By the end you’ll be able to run 100 deploys in parallel safely, monitor them, recover from partial failures, and never accidentally clobber a shared file.

1. Backgrounding refresher: `&` and `wait`

cmd &              # start cmd, return immediately, $! is its PID
wait               # wait for ALL background jobs
wait $PID          # wait for one specific PID
wait -n            # wait for ANY background job to finish (bash 4.3+)

#!/usr/bin/env bash
# Run three jobs in parallel, wait for all
do_thing 1 &
do_thing 2 &
do_thing 3 &
wait
echo "all done"

The exit code of wait is the exit code of the last job (with no PID arg) or of that job (with PID). To capture per-job:

do_thing 1 & PID1=$!
do_thing 2 & PID2=$!
do_thing 3 & PID3=$!

wait $PID1; RC1=$?
wait $PID2; RC2=$?
wait $PID3; RC3=$?

echo "results: $RC1 $RC2 $RC3"

This works for a known small number of jobs. For arbitrary counts, you need a job pool.

Job pool: bounded parallelism with `wait -n`

#!/usr/bin/env bash
set -Eeuo pipefail

MAX_JOBS=${MAX_JOBS:-4}
JOBS=()

for input in input1 input2 input3 input4 input5 input6 input7 input8 input9 input10; do
  # If we've reached the cap, wait for any one to finish first
  while (( ${#JOBS[@]} >= MAX_JOBS )); do
    wait -n     # wait for ANY background to finish
    # Rebuild JOBS — only PIDs still alive
    NEW=()
    for pid in "${JOBS[@]}"; do
      kill -0 "$pid" 2>/dev/null && NEW+=("$pid")
    done
    JOBS=("${NEW[@]}")
  done

  do_thing "$input" &
  JOBS+=($!)
done

wait    # wait for the last batch

This caps concurrency at MAX_JOBS. For most use cases, xargs -P does this more cleanly.

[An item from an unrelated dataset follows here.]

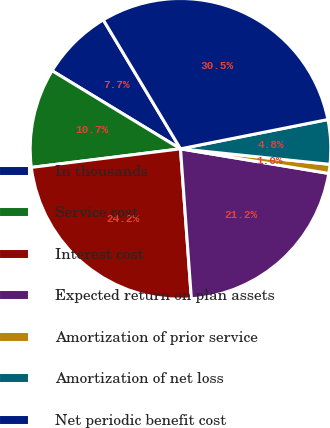<chart> <loc_0><loc_0><loc_500><loc_500><pie_chart><fcel>In thousands<fcel>Service cost<fcel>Interest cost<fcel>Expected return on plan assets<fcel>Amortization of prior service<fcel>Amortization of net loss<fcel>Net periodic benefit cost<nl><fcel>7.72%<fcel>10.67%<fcel>24.18%<fcel>21.23%<fcel>0.97%<fcel>4.77%<fcel>30.46%<nl></chart> 
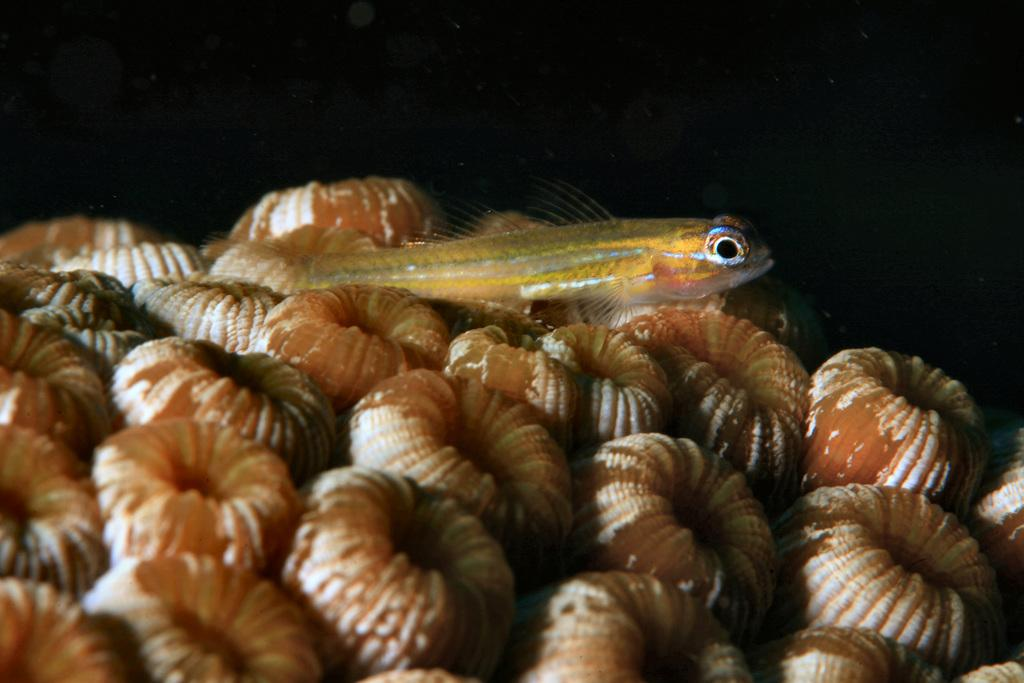What type of objects are present in the image? There are many round-shaped shells in the image. Can you identify any living creatures in the image? Yes, there is a fish in the image. What type of cattle can be seen grazing in the image? There is no cattle present in the image; it features many round-shaped shells and a fish. What type of pan is being used to cook the fish in the image? There is no pan or cooking activity present in the image.

`wait -n` exit code (bash 4.3+)

After wait -n returns, $? is the exit code of the job that finished. To loop until all are done while monitoring:

JOBS=()
for input in "${INPUTS[@]}"; do
  worker "$input" &
  JOBS+=($!)
done

FAILURES=0
while (( ${#JOBS[@]} > 0 )); do
  wait -n
  rc=$?
  (( rc != 0 )) && ((FAILURES++))
  # Note: bash doesn't tell us WHICH job — we'd need to track manually.
done
echo "$FAILURES failures"

If you need per-job exit codes, track PIDs and wait $PID individually. For “all-or-nothing” semantics, wait (no args) at the end and check the global exit.

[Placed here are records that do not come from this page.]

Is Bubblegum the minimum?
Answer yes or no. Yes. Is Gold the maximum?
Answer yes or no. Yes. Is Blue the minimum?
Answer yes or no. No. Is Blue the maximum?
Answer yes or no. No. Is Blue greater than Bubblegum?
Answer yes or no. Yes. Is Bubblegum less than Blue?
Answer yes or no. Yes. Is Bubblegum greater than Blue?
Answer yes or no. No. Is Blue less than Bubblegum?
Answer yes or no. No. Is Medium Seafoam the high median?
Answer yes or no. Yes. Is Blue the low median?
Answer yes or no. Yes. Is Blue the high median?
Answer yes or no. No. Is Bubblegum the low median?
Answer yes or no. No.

2. `xargs -P N` — the simplest job pool

The cleanest way to run a bounded-parallel set of commands over a list:

# Run gzip on every .log file, 8 in parallel
find /var/log -name '*.log' -print0 | xargs -0 -P 8 -n 1 gzip

Flags:

-P N — run N processes concurrently.
-n 1 — pass 1 argument per command (so each gzip handles one file).
-0 — input is NUL-separated (paired with find -print0).
-I {} — substitute {} in the command line (lets you put the arg somewhere other than the end).

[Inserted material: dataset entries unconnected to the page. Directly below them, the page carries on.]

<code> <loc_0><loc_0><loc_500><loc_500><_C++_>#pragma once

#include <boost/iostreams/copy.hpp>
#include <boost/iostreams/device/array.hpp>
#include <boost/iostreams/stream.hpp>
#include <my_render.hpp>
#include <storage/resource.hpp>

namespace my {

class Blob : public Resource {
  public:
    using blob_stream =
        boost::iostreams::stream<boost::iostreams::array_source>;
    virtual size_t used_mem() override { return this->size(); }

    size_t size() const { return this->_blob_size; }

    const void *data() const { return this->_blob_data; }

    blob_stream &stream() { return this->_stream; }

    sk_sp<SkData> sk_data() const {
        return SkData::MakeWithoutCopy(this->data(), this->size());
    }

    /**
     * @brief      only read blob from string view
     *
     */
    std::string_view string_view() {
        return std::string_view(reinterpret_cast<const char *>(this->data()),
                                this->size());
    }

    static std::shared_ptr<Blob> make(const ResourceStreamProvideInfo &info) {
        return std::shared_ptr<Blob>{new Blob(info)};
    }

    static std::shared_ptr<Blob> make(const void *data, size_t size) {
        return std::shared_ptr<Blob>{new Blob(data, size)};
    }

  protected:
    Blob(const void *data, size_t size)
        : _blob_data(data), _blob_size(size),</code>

# Custom command shape — pass each filename as $1 to a function call
printf '%s\n' "${FILES[@]}" | xargs -I {} -P 4 -n 1 bash -c 'process "$@"' _ {}

The trick bash -c '...' _ {} is: bash -c runs the script, the _ is $0, and {} becomes $1. Then process "$@" calls your function with the filename.

Number of cores

# Use all available cores
NPROC=$(nproc 2>/dev/null || sysctl -n hw.ncpu 2>/dev/null || echo 4)

# Then:
xargs -P "$NPROC" -n 1 ...

For I/O-bound work (network calls, disk I/O), you can usefully set this to 2-4x cores. For CPU-bound (compression, encryption), stay at nproc.

Capturing output safely

When parallel commands write to stdout, lines can interleave. Best practice: have each one write to its own file, merge at the end.

mkdir -p /tmp/joblogs
find . -name '*.log' -print0 | xargs -0 -P 8 -n 1 -I {} \
  bash -c 'gzip --keep "{}" 2>"/tmp/joblogs/$(basename "{}").err"'
cat /tmp/joblogs/*.err          # merge afterwards

Or use xargs --process-slot-var:

xargs -P 4 -n 1 -I {} --process-slot-var=SLOT \
  bash -c 'echo "slot=$SLOT processing {}"' \
  < input.txt

SLOT becomes 0…3, letting each worker write to its own log file or use its own port etc. This is GNU-only but useful.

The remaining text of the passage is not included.